Actuellement, en France, 21 % des enfants entre 8 et 17 ans présentent une surcharge pondérale, dont 6 % sont en situation d’obésité (1). On sait depuis longtemps qu’il existe des corrélations avec le niveau socio-économique des parents, l’IMC parental, les antécédents familiaux, le tabagisme parental, la sédentarité, le temps d’écran. Le lien avec la prise de poids gestationnelle, même chez les mères de poids normal, est également établi par de nombreuses études de cohorte. Les différentes mesures de restriction liées à la pandémie récente ont encore accru l’incidence et surtout les inégalités en la matière.

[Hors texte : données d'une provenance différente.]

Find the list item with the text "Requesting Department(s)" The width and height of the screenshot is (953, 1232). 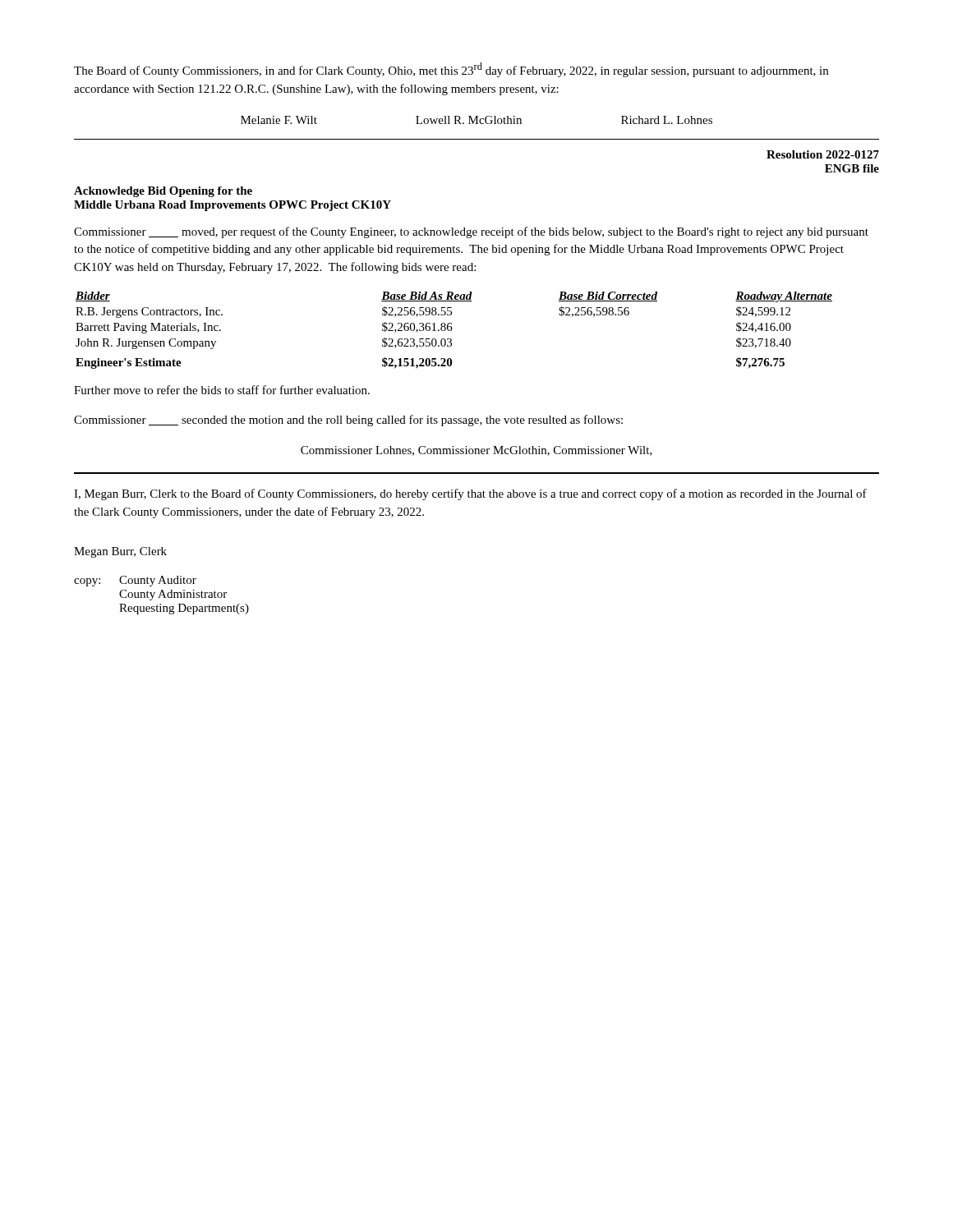click(184, 608)
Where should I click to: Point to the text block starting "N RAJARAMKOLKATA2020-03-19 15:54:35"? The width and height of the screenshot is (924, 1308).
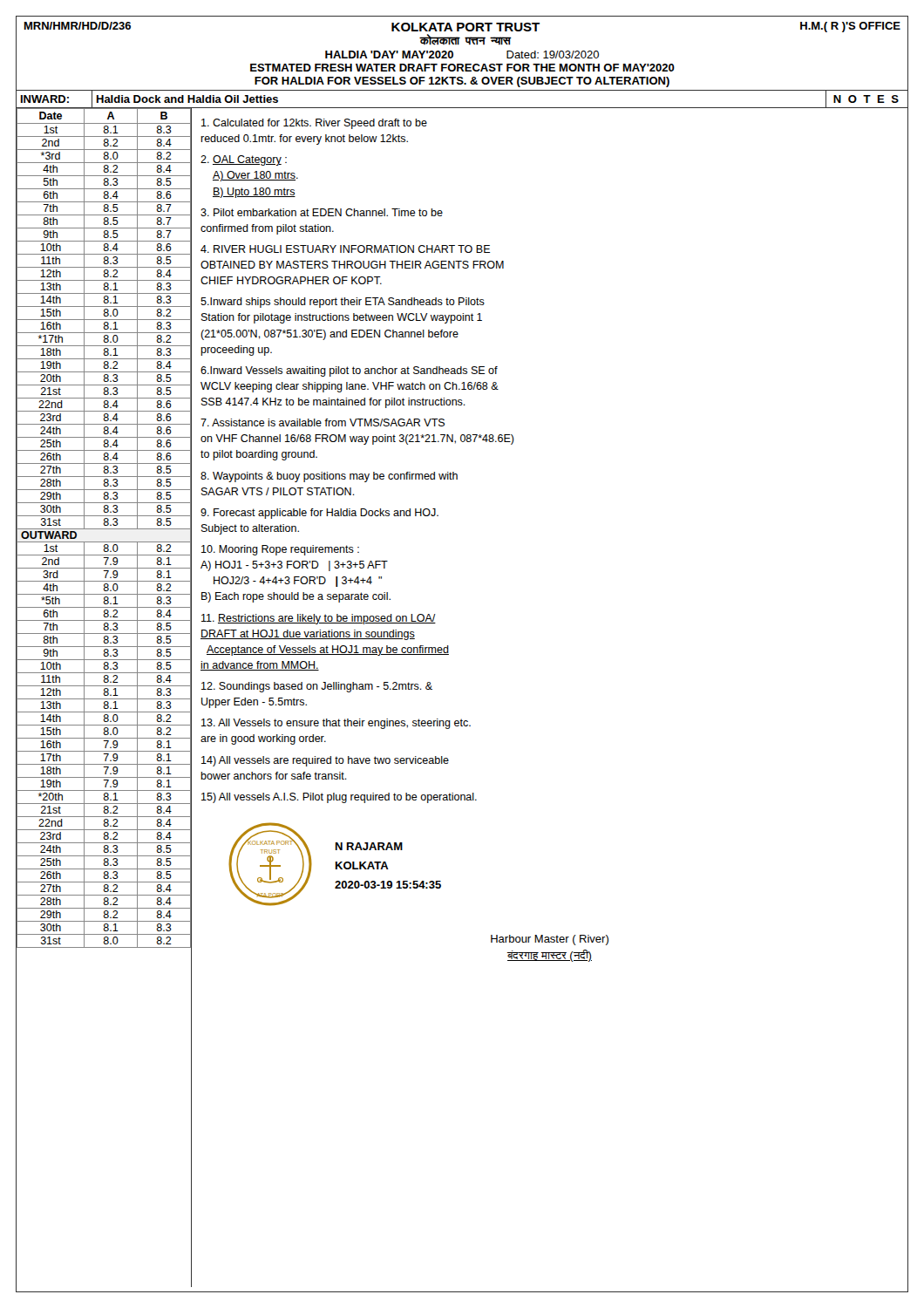[388, 866]

Une session débat de l’ADA intitulée « Transmission intergénérationnelle de l’obésité : the Womb or the Home? », jeu de mots difficile à traduire, a éclairé un peu plus les liens entre les événements de la vie intra-utérine, ceux de la toute petite enfance, et le surpoids.

 

L’héritabilité de l’IMC

Dans une vaste étude britannique de jumeaux, nés en 2007, sur 925 paires, dont 34 % d’homozygotes, l’héritabilité du z-score de l’IMC dans un milieu “obésogène” est de 86 versus 39 % en cas d’environnement qualifié de favorable, la variance étant imputable à la génétique dans 62 % des cas (2). Les critères évalués pour caractériser le milieu étaient l’alimentation, l’activité physique et le temps d’écran (Rothberg AE, ADA 2021).

 

The Womb

L’adaptation métabolique du fœtus et du jeune enfant

Pour aller un peu plus loin, l’intervention très percutante pro “Womb” du Pr Peter Gluckman, de l’université d’Auckland, a permis de préciser la notion d’adaptation métabolique du fœtus et du jeune enfant (Gluckman P, ADA 2021). Il fait remarquer que ces adaptations successives de l’espèce humaine à des conditions de vie évolutives ont permis la survie de l’espèce. Cette capacité d’adaptation est liée à des interactions multiples entre le génome, et les mécanismes épigénétiques, culturels, environnementaux.

Les modifications épigénétiques

Juste après la fécondation

Les modifications épigénétiques sont décrites depuis une étude déjà ancienne (3) comme survenant très précocement sur l’ADN fortement déméthylé des cellules totipotentes du développement embryonnaire, notamment une corrélation entre masse grasse des enfants à 9 ans et pourcentage de méthylation de CpG 2/13 sur le sang de cordon.

En cours de grossesse

Mais ces modifications épigénétiques peuvent également survenir plus tard dans la grossesse, et en période post-natale immédiate. En témoigne cette analyse secondaire de l’étude randomisée UPBEAT (4), qui montre qu’une intervention sur le mode de vie (diététique et activité physique, en huit séances hebdomadaires de 1 heure) proposée à des femmes enceintes obèses (IMC = 36), à partir de 18 SA, si elle ne réduit pas le risque de diabète gestationnel (DG) (25 versus 26 % dans le groupe contrôle), diminue de manière très significative les modifications de méthylation constatées chez les femmes ayant un diagnostic de DG (porté entre 27 et 28 SA, sur les critères IADPSG) ; en particulier chez les femmes ayant une glycémie post-charge à 1 heure élevée. Cet accent porté sur la glycémie à 1 heure de l’HGPO intéressera les diabétologues, car il rejoint le volet pédiatrique de l’étude HAPO qui montre un lien entre la diminution des capacités insulinosécrétoires des enfants à 10 ans et la glycémie à 1 heure lors du test diagnostique chez leur mère (5).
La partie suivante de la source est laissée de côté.